Clemson Memorial Stadium became known as Death Valley in 1948 after the football coach from Presbyterian College told sports writers that his team had to go play Clemson in Death Valley where his teams rarely scored. The name took off in the 1950s when Clemson coach Frank Howard repeatedly referred to the stadium as Death Valley.
In the early 1960s, Howard received a rock from Death Valley, California from a Clemson alumnus. Howard used it as a doorstop until 1966 when a Clemson employee placed the rock on a pedestal at the top of the east end zone hill that the team ran down to get to the field. The players ran by the rock for the first time on September 24, 1966 before beating Virginia, but the tradition of players rubbing the rock before each game began on September 23, 1967 before a victory against Wake Forest. Howard realized the motivational aspect of the rock and told his players that if they gave 110 percent they could receive the privilege of rubbing the rock. Now, every Tiger player rubs the rock on his way down the hill before thousands of screaming Clemson fans.

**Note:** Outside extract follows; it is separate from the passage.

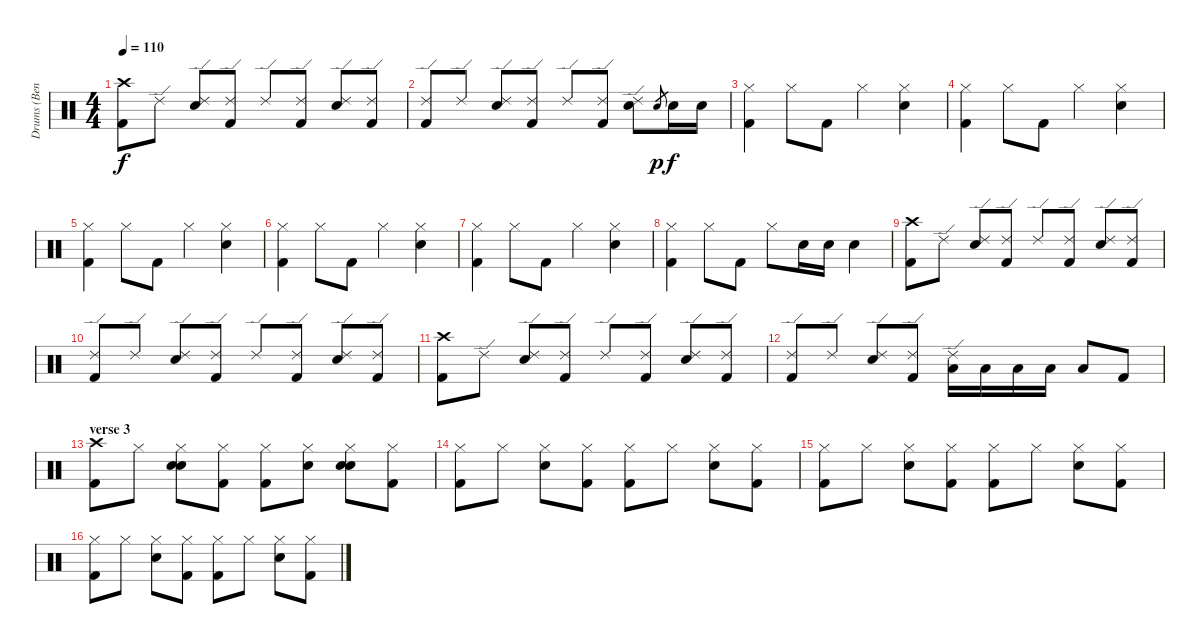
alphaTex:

The rock receives special attention the 24 hours before the South Carolina game. ROTC cadets stand guard over it and maintain a steady drum cadence that can be heard across campus. Just goes to show that you can never trust your arch rivals!
From the Death Valley mystique, to Howard’ s Rock, to the Tiger mascot, Clemson boasts several timeless traditions that help make college football the exciting sport that it is. Go Tigers!